A common situation is that you have to perform several operations on your data. Consider, for instance, the following case:

In [None]:
sazava_tbl[sazava_tbl[,"SiO2"]<55,"Al2O3"]

This can also be written using tibble operations :

In [None]:
select(filter(sazava_tbl,SiO2<55),Al2O3)

Note, incidentally, that tibbles use "data masking", meaning that most of the times you can indifferently quote or not the variable names:

In [None]:
select(filter(sazava_tbl,SiO2<55),Al2O3)
select(filter(sazava_tbl,SiO2<55),"Al2O3")

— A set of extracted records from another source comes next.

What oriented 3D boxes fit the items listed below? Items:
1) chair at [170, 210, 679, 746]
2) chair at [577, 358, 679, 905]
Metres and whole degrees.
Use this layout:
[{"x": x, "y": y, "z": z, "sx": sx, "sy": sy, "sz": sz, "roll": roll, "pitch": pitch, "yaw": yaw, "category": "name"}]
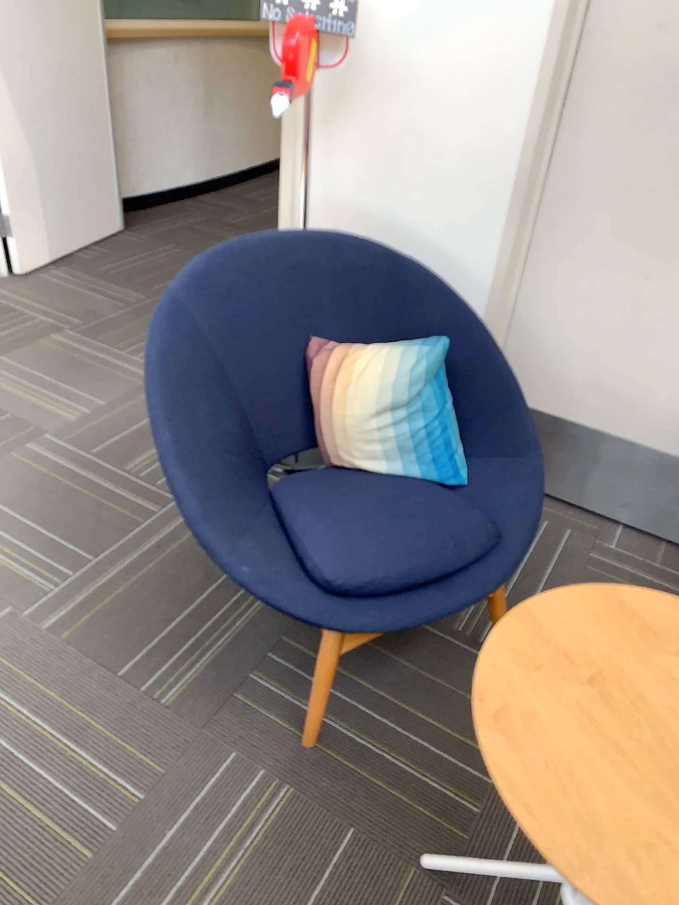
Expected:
[{"x": 0.089, "y": -0.024, "z": 1.639, "sx": 0.790, "sy": 0.835, "sz": 0.845, "roll": -9, "pitch": 37, "yaw": -20, "category": "chair"}, {"x": 1.223, "y": 0.476, "z": 1.260, "sx": 0.980, "sy": 0.944, "sz": 0.835, "roll": -7, "pitch": 37, "yaw": -18, "category": "chair"}]

This feature is great when working inline, but may become annoying when programming. And it is not always consistent, so sometimes deciding whether to quote or not to quote is a matter of trial and error. See, for instance,
https://stackoverflow.com/questions/65671975/tibbles-and-data-defined-column-names/65672042#65672042

As we all know, piling up operators may lead to clumsy and unreadable code :

In [None]:
sazava_tbl[sazava_tbl[,"SiO2"]<55,"Al2O3"] / sazava_tbl[sazava_tbl[,"SiO2"]<55,"CaO"]*2

So the usual cure is to play with intermediate variables:

In [None]:
idx <- sazava_tbl[,"SiO2"]<55
al <- sazava_tbl[idx,"Al2O3"]
ca <- sazava_tbl[idx,"CaO"]

al/ca*2

This is still a bit unwieldy, and ends up polluting the workspace with lots of intermediate variables ... which has been known to cause trouble. This is were the pipe comes in handy.

The pipe is simply a function that connects its left-hand side and right-hand side. The output of the lhs function becomes the (first) input of the rhs function - so pipes work with any function that takes a sensible first operator (not only tidyverse functions).

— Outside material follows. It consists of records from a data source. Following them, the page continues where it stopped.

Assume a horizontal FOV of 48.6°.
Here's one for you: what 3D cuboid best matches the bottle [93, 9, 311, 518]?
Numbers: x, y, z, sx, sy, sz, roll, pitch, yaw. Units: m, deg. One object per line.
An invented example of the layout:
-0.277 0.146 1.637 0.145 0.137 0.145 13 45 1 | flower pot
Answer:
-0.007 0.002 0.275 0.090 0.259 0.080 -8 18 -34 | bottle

Therefore, the above command can be recast as follows:

In [None]:
sazava_tbl %>% filter(SiO2<55) %>% select(Al2O3)

introducing the `mutate` command, that calculates a new variable :

In [None]:
sazava_tbl %>% filter(SiO2<55) %>% select(Al2O3,CaO) %>% mutate(AlCa = Al2O3/CaO*2)

This is exactly identical to the following:

In [None]:
intermediate1 <- filter(sazava_tbl,SiO2<55)
intermediate2 <- select(intermediate1,Al2O3,CaO)
intermediate3 <- mutate(intermediate2,AlCa = Al2O3/CaO*2)
intermediate3

Assigment can be done using the slighlty uncommon variant of the assignment operator, `->`:

In [None]:
sazava_tbl %>% filter(SiO2<55) %>% select(Al2O3,CaO) %>% mutate(AlCa = Al2O3/CaO*2) -> result

Or in the more common form

In [None]:
result <- sazava_tbl %>% filter(SiO2<55) %>% select(Al2O3,CaO) %>% mutate(AlCa = Al2O3/CaO*2)

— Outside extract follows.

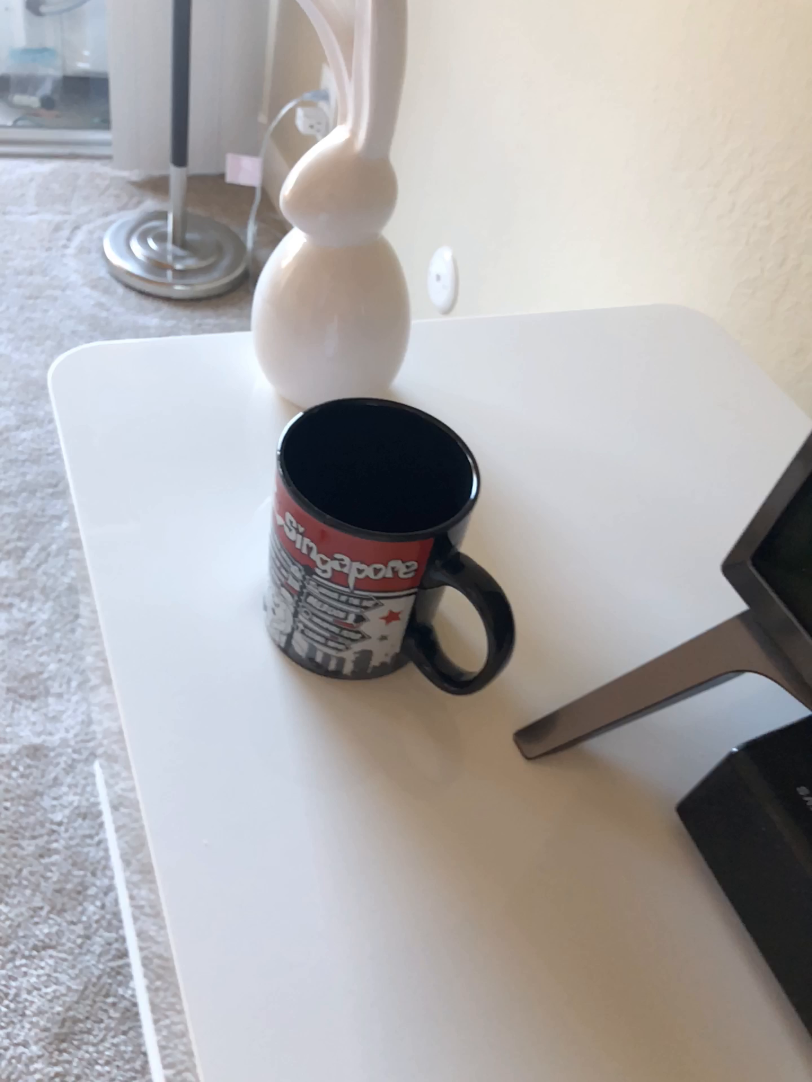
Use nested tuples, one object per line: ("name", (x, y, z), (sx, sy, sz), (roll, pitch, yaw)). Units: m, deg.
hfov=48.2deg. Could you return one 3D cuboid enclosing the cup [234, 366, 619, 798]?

for simple replacement, one may use bidirectional pipe of magrittR (which is **not** loaded directly by `library(tidyverse)`, you need to load magrittr manually to access the more evolved pipes - of which there are several types, not covered here )

In [None]:
library(magrittr)
result %<>% select(AlCa)
result

Pipes are also newline-friendly, so you can write very legible code :

In [None]:
sazava_tbl %>% 
  filter(SiO2<55) %>% 
  select(Al2O3,CaO) %>% 
  mutate(AlCa = Al2O3/CaO*2) 

Finally, in pipe chains, `.` can be used as a shorthand to refer to the "current" variable that gets passed through the pipe. So a neat way to assign the result of a pipe is

In [None]:
sazava_tbl %>% 
  filter(SiO2<55) %>% 
  select(Al2O3,CaO) %>% 
  mutate(AlCa = Al2O3/CaO*2) %>%
  {.} -> result

... which does nothing else than the previous versions, but in a very clean way (you see what gets into the pipe, and what comes out)